After reading the Matrimonial Post last week I looked in the Penguin Herodotus for a passage I vaguely remembered about the marriage customs of the Babylonians. Here it is:

Once a year in each village the maidens of an age to marry were collected altogether into one place, while the men stood round them in a circle. Then a herald called up the damsels one by one and offered them for sale. He began with the most beautiful. When she was sold for no small sum of money, he offered for sale the one who came next to her in beauty.... The custom was that when the herald had gone through the whole number of the beautiful damsels, he should then call up the ugliest and offer her to the men, asking who would agree to take her with the smallest marriage portion. And the man who offered to take the smallest sum had her assigned to him. The marriage portions were furnished by the money paid for the beautiful damsels, and thus the fairer maidens portioned out the uglier.

This custom seems to have worked very well and Herodotus is full of enthusiasm for it. He adds, however, that, like other good customs, it was already going out round about 450 BC.


June 9, 1944

Arthur Koestler's recent article in Tribune (In Tribune, 28 April 1944, Koestler had written an article in the form of a letter to a young Corporal who had written to ask for advice as to which book reviewers could be taken as reliable guides. Koestler pointed out the dismal standards of criticism prevailing in most of the press.) set me wondering whether the book racket will start up again in its old vigour after the war, when paper is plentiful and there are other things to spend your money on.

Publishers have got to live, like anyone else, and you cannot blame them for advertising their wares, but the truly shameful feature of literary life before the war was the blurring of the distinction between advertisement and criticism. A number of the so-called reviewers, and especially the best-known ones were simply blurb writers. The ‘screaming’ advertisement started some time in the nineteen-twenties, and as the competition to take up as much space and use as many superlatives as possible became fiercer, publishers’ advertisements grew to be an important source of revenue to a number of papers. The literary pages of several well-known papers were practically owned by a handful of publishers, who had their quislings planted in all the important jobs. These wretches churned forth their praise — ‘masterpiece’, ‘brilliant’, ‘unforgettable’ and so forth — like so many mechanical pianos. A book coming from the right publishers could be absolutely certain not only of favourable reviews, but of being placed on the ‘recommended’ list which industrious book borrowers would cut out and take to the library the next day.

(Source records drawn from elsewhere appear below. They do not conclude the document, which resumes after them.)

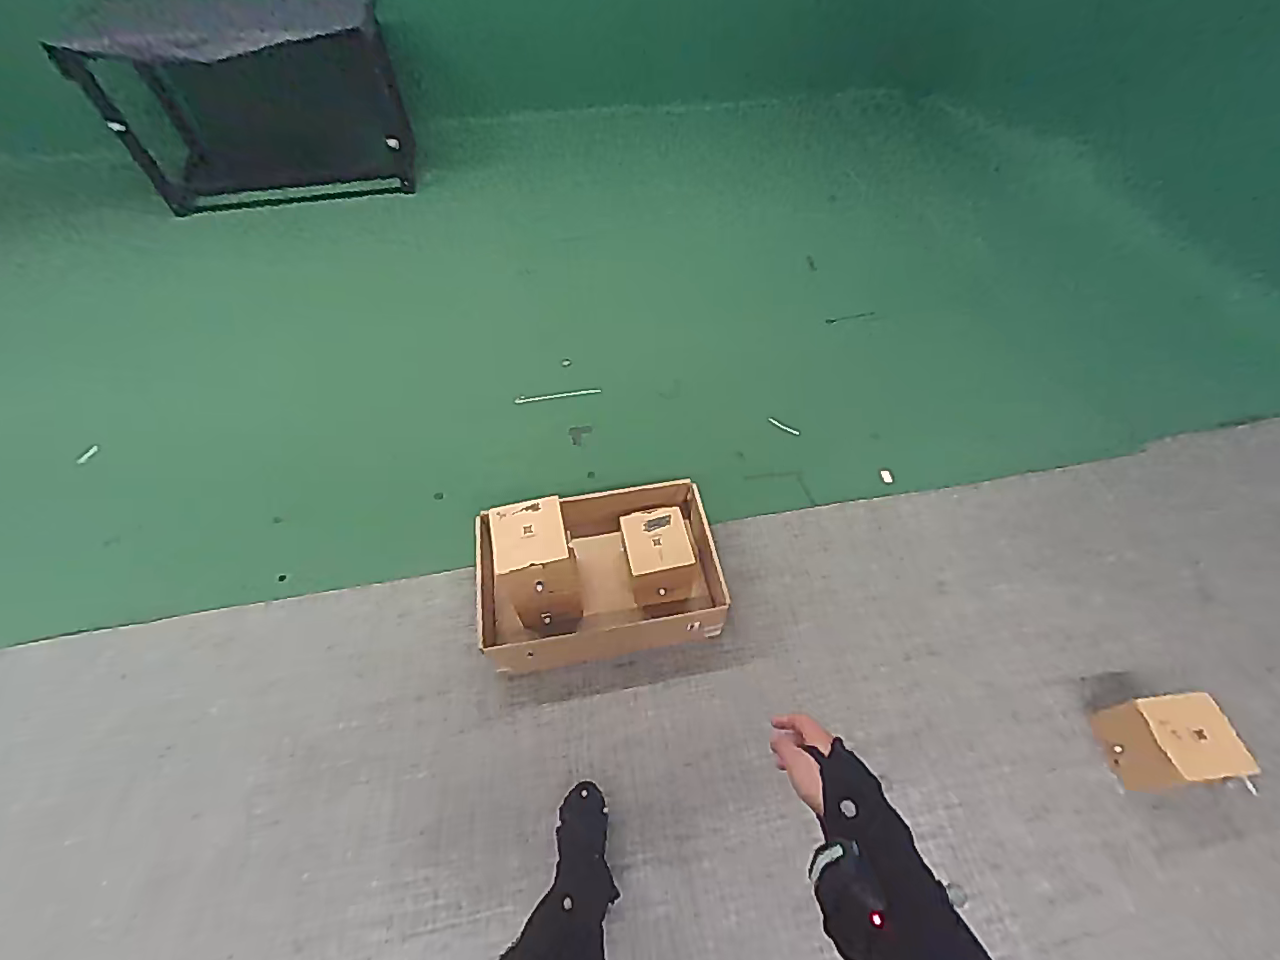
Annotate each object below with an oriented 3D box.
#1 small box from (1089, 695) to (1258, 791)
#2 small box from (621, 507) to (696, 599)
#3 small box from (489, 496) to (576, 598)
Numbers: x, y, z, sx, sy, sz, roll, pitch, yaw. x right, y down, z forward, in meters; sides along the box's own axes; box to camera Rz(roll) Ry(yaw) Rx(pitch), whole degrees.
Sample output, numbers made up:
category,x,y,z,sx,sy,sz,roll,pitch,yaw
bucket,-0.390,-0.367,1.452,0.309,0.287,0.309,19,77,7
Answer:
category,x,y,z,sx,sy,sz,roll,pitch,yaw
small box,1.192,0.599,1.227,0.179,0.176,0.168,-5,54,-3
small box,0.044,0.198,1.457,0.168,0.176,0.179,-11,57,-6
small box,-0.250,0.166,1.282,0.168,0.176,0.179,-11,56,-7

If you published books at several different houses you soon learned how strong the pressure of advertisement was. A book coming from a big publisher, who habitually spent large sums on advertisement, might get fifty or seventy-five reviews: a book from a small publisher might get only twenty. I knew of one case where a theological publisher, for some reason, took it into his head to publish a novel. He spent a great deal of money on advertising it. It got exactly four reviews in the whole of England, and the only full-length one was in a motoring paper, which seized the opportunity to point out that the part of the country described in the novel would be a good place for a motoring tour. This man was not in the racket, his advertisements were not likely to become a regular source of revenue to the literary papers, and so they just ignored him.

Even reputable literary papers could not afford to disregard their advertisers altogether. It was quite usual to send a book to a reviewer with some such formula as, ‘Review this book if it seems any good. If not, send it back. We don't think it's worthwhile to print simply damning reviews.’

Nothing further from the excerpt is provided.